**Aim of the exercise:** Could the data below please be reproduced word for word, without the pictures?

**Information supplied:**
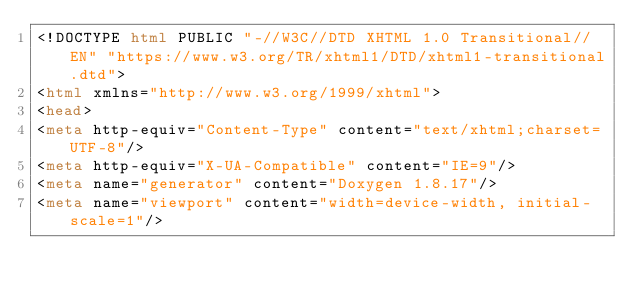Convert code to text. <code><loc_0><loc_0><loc_500><loc_500><_HTML_><!DOCTYPE html PUBLIC "-//W3C//DTD XHTML 1.0 Transitional//EN" "https://www.w3.org/TR/xhtml1/DTD/xhtml1-transitional.dtd">
<html xmlns="http://www.w3.org/1999/xhtml">
<head>
<meta http-equiv="Content-Type" content="text/xhtml;charset=UTF-8"/>
<meta http-equiv="X-UA-Compatible" content="IE=9"/>
<meta name="generator" content="Doxygen 1.8.17"/>
<meta name="viewport" content="width=device-width, initial-scale=1"/></code> 
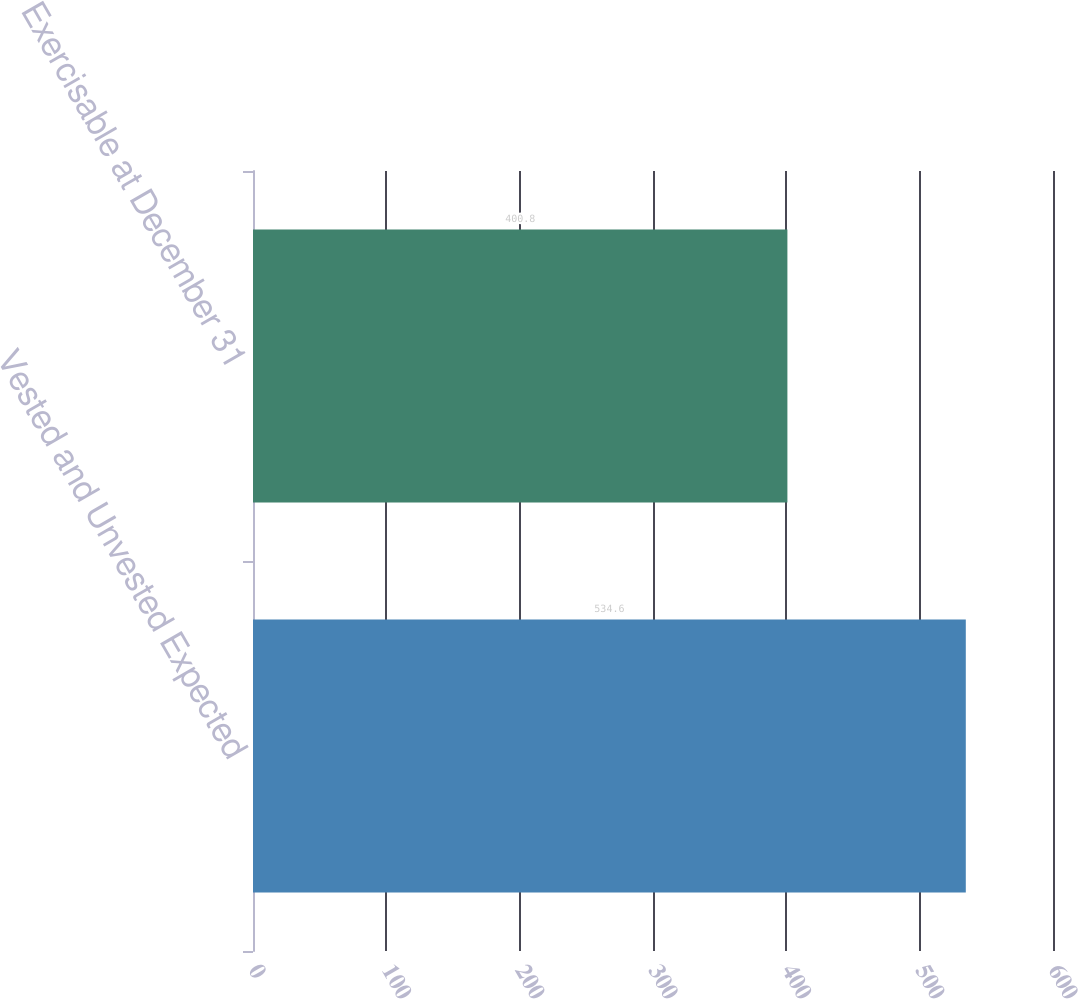Convert chart to OTSL. <chart><loc_0><loc_0><loc_500><loc_500><bar_chart><fcel>Vested and Unvested Expected<fcel>Exercisable at December 31<nl><fcel>534.6<fcel>400.8<nl></chart> 
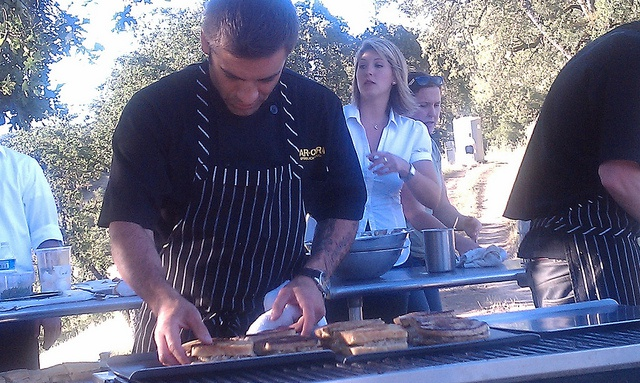Describe the objects in this image and their specific colors. I can see people in blue, black, navy, purple, and gray tones, people in blue, black, navy, purple, and gray tones, oven in blue, navy, and darkgray tones, people in blue, gray, and lightblue tones, and people in blue, lightblue, black, and gray tones in this image. 
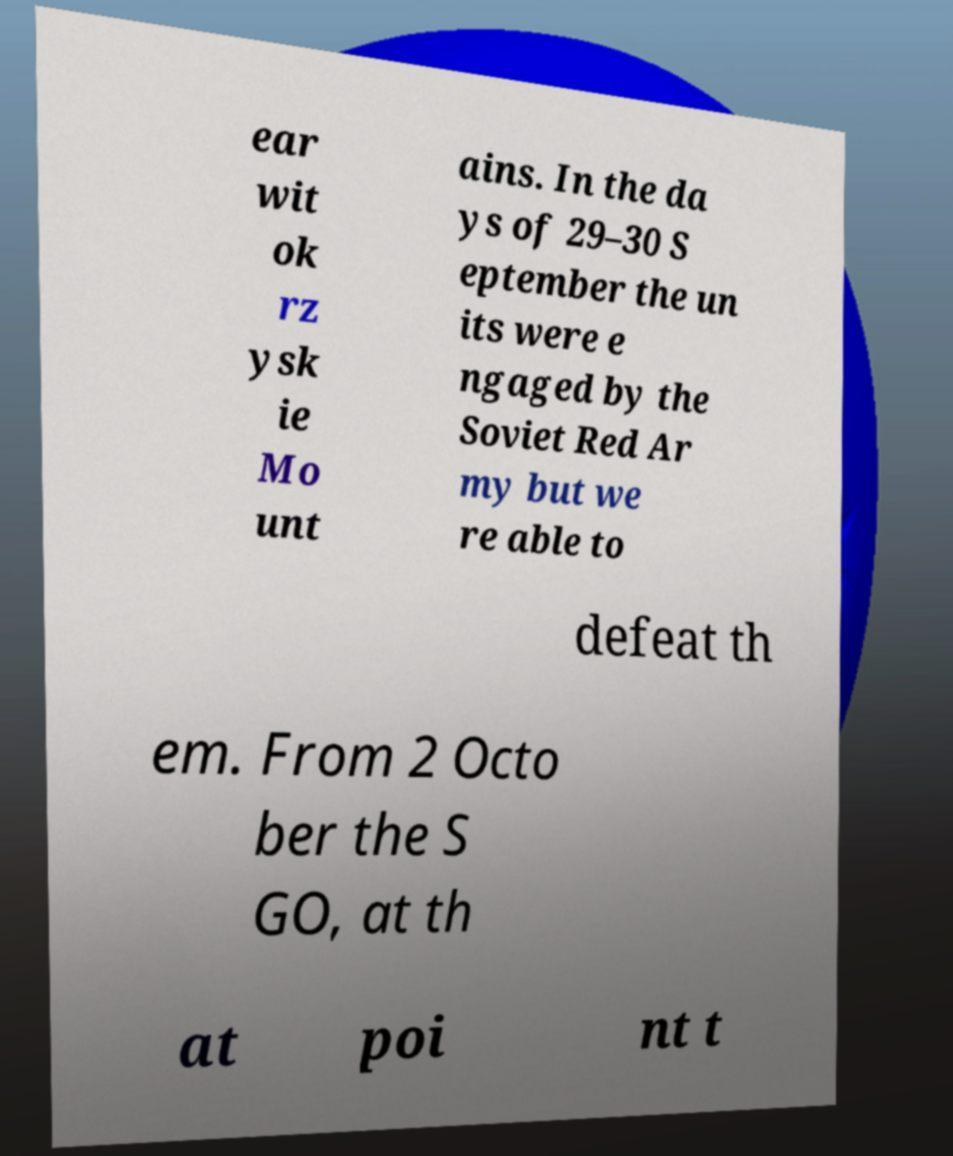Could you assist in decoding the text presented in this image and type it out clearly? ear wit ok rz ysk ie Mo unt ains. In the da ys of 29–30 S eptember the un its were e ngaged by the Soviet Red Ar my but we re able to defeat th em. From 2 Octo ber the S GO, at th at poi nt t

**Your solution:**
Convert code to text. <code><loc_0><loc_0><loc_500><loc_500><_HTML_><!DOCTYPE html PUBLIC "-//W3C//DTD XHTML 1.0 Transitional//EN" "https://www.w3.org/TR/xhtml1/DTD/xhtml1-transitional.dtd">
<html xmlns="http://www.w3.org/1999/xhtml">
<head>
<meta http-equiv="Content-Type" content="text/xhtml;charset=UTF-8"/>
<meta http-equiv="X-UA-Compatible" content="IE=9"/>
<meta name="generator" content="Doxygen 1.8.17"/>
<meta name="viewport" content="width=device-width, initial-scale=1"/></code> 
Convert chart to OTSL. <chart><loc_0><loc_0><loc_500><loc_500><bar_chart><fcel>Vested and Unvested Expected<fcel>Exercisable at December 31<nl><fcel>534.6<fcel>400.8<nl></chart> 
Describe the objects in this image and their specific colors. I can see people in blue, black, navy, purple, and gray tones, people in blue, black, navy, purple, and gray tones, oven in blue, navy, and darkgray tones, people in blue, gray, and lightblue tones, and people in blue, lightblue, black, and gray tones in this image. 
Could you assist in decoding the text presented in this image and type it out clearly? ear wit ok rz ysk ie Mo unt ains. In the da ys of 29–30 S eptember the un its were e ngaged by the Soviet Red Ar my but we re able to defeat th em. From 2 Octo ber the S GO, at th at poi nt t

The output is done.